Haiti’de çete terörü: 530’u aşkın ölü

Birlemiş Milletler (BM) İnsan Hakları Yüksek Komiserliği Haiti’de birçoğu pusudaki keskin nişancılar tarafından olmak üzere 530’u aşkın kişinin öldürüldüğünü, 280’e yakın kişinin alıkonulduğunu bildirdi.

BM İnsan Hakları Yüksek Komiserliği sözcüsü Marta Hurtado gazetecilere yaptığı açıklamada, “Yalnızca Mart ayının ilk iki haftasında çeteler arasındaki çatışmalarda en az 208 kişi öldü, 164 kişi yaralandı ve 101 kişi kaçırıldı” dedi.

Hurtado, kurbanların çoğunun evlerinde veya sokakta insanlara rastgele ateş açtığı iddia edilen keskin nişancılar tarafından öldürüldüğü veya yaralandığını söyledi.

Ocak ayı başında mart ortasında kadar başta başkent Port-au-Prince’te olmak üzere çetelerle ilişki olaylarda toplam 531 kişinin öldürüldüğü, 300 kişinin yaralandığı ve 277 kişinin kaçırıldığı belirtildi.

Hurtado, "Uluslararası toplumdan, tam ve kesin bir eylem planıyla birlikte özel bir destek gücünün konuşlandırılmasını acilen değerlendirmesini istiyoruz" çağrısında bulundu.

CİNSEL ŞİDDET SİLAH OLARAK KULLANILIYOR

BM'ye göre çeteler, halkı terörize etmek, boyun eğdirmek, cezalandırmak ve ayrıca kurbanların ailelerinden zorla fidye almak için cinsel şiddeti bir silah olarak kullanıyor.

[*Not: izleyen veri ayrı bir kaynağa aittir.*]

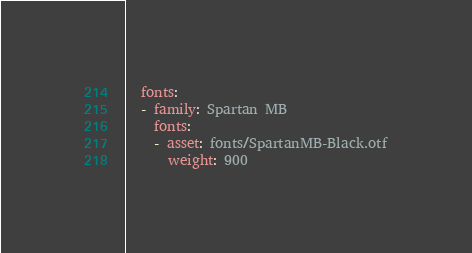<code> <loc_0><loc_0><loc_500><loc_500><_YAML_>  fonts:
  - family: Spartan MB
    fonts:
    - asset: fonts/SpartanMB-Black.otf
      weight: 900</code> 
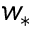<formula> <loc_0><loc_0><loc_500><loc_500>w _ { * }</formula> 
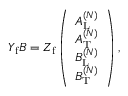Convert formula to latex. <formula><loc_0><loc_0><loc_500><loc_500>\begin{array} { r } { Y _ { f } B = Z _ { f } \left ( \begin{array} { l } { A _ { L } ^ { ( N ) } } \\ { A _ { T } ^ { ( N ) } } \\ { B _ { L } ^ { ( N ) } } \\ { B _ { T } ^ { ( N ) } } \end{array} \right ) , } \end{array}</formula> 
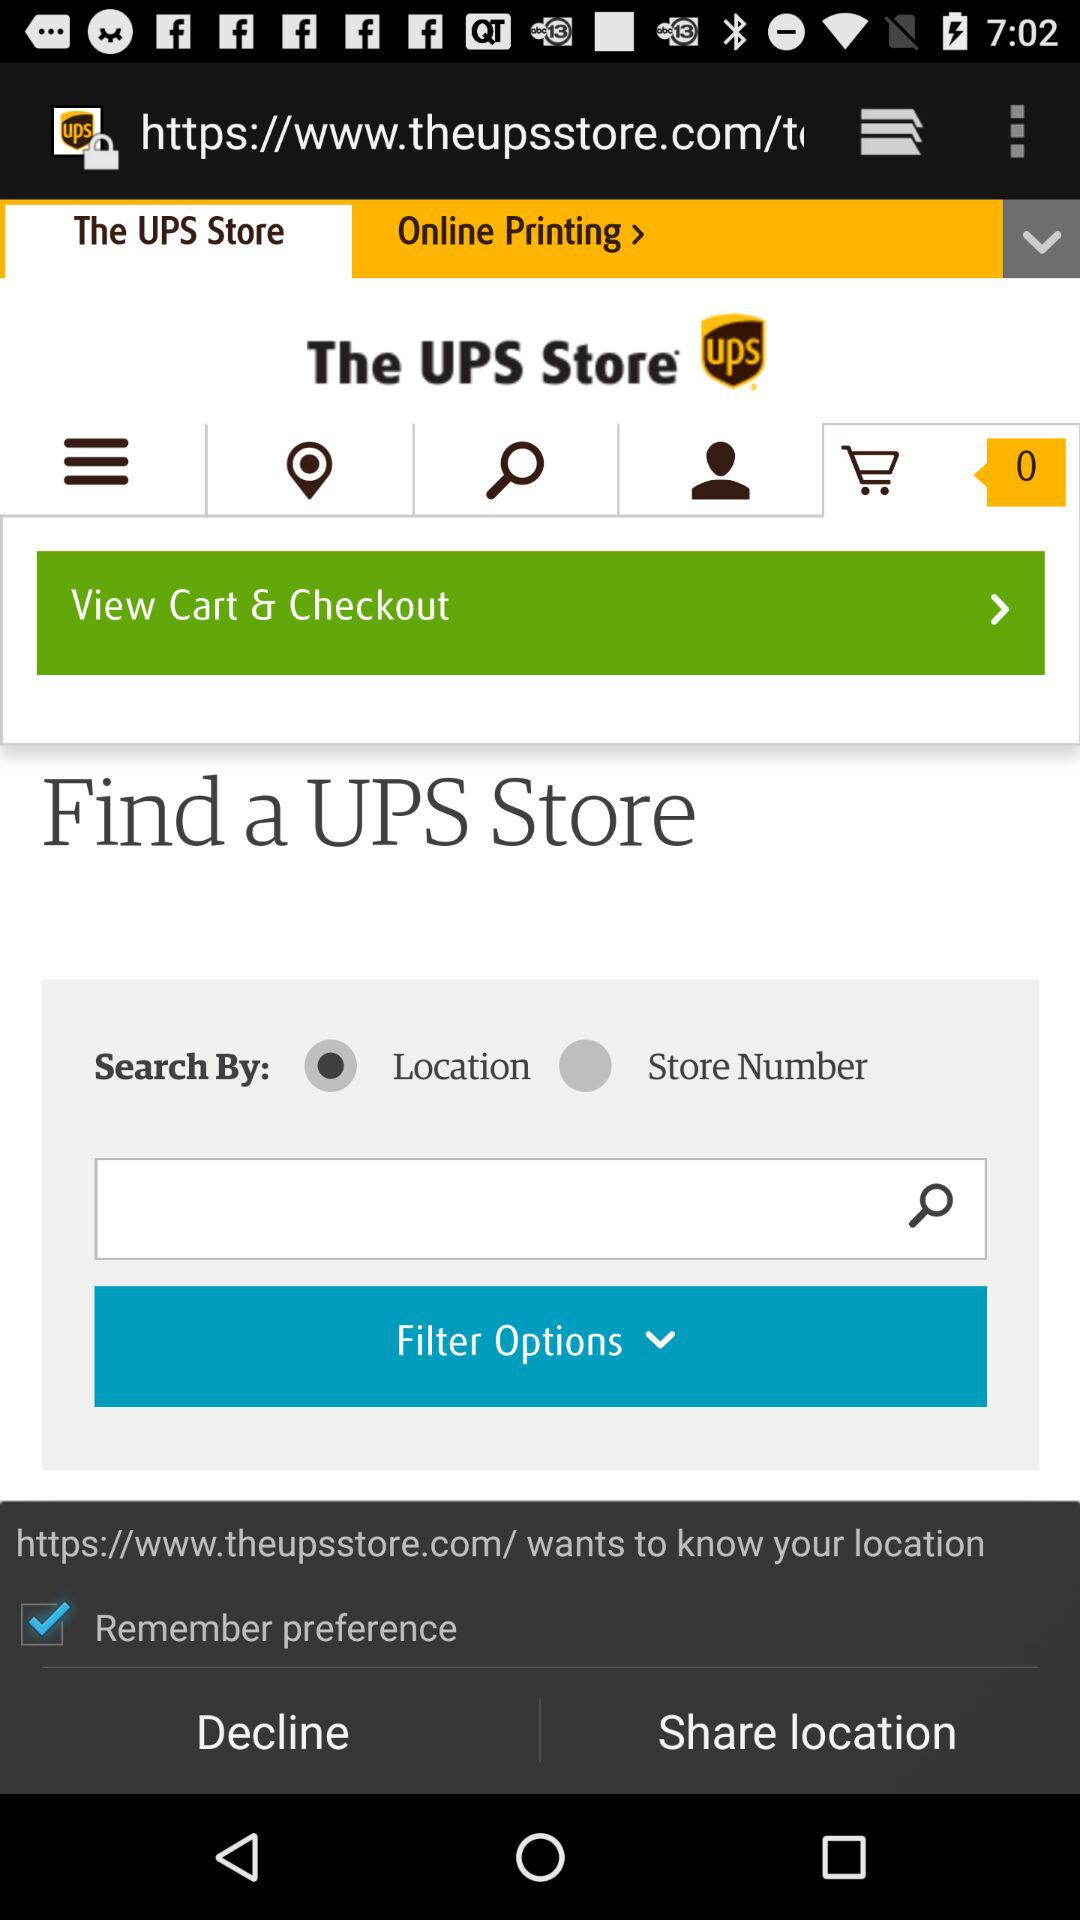What is the status of the "Remember preference"? The status of the "Remember preference" is "on".

Marta Hurtado, “Haiti'de aşırı şiddetin kontrolden çıkmaya devam etmesinden büyük endişe duyuyoruz. Çeteler arasındaki çatışmalar daha şiddetli ve daha sık hale geliyor zira rakipleri tarafından kontrol edilen bölgelerde yaşayan insanları hedef alarak başkentte ve diğer bölgelerde bölgesel kontrollerini genişletmeye çalışıyorlar” dedi.

İnsan Hakları Komiserliği sözcüsü, çeteler arasındaki çatışmalarda bazen öğrencilerin ve öğretmenlerinin kurşunların hedefi olduğunu, artan sayıda öğrenci ve velinin okulların yakınında kaçırıldığını söyledi.

Hurtado, bunun sonucunda da giderek daha fazla okulun kapandığı, gençlerin onları zorla kendi elemanları haline getiren çetelerin insafına kaldığını kaydetti.

Şiddet olayları insanların evlerini terk etmesine de neden oluyor. BM’nin tahminlerine göre mart ortasına kadar en az 160 bin kişi ülke içinde göçe maruz kaldı ve kırılgan koşullarda yaşıyorlar.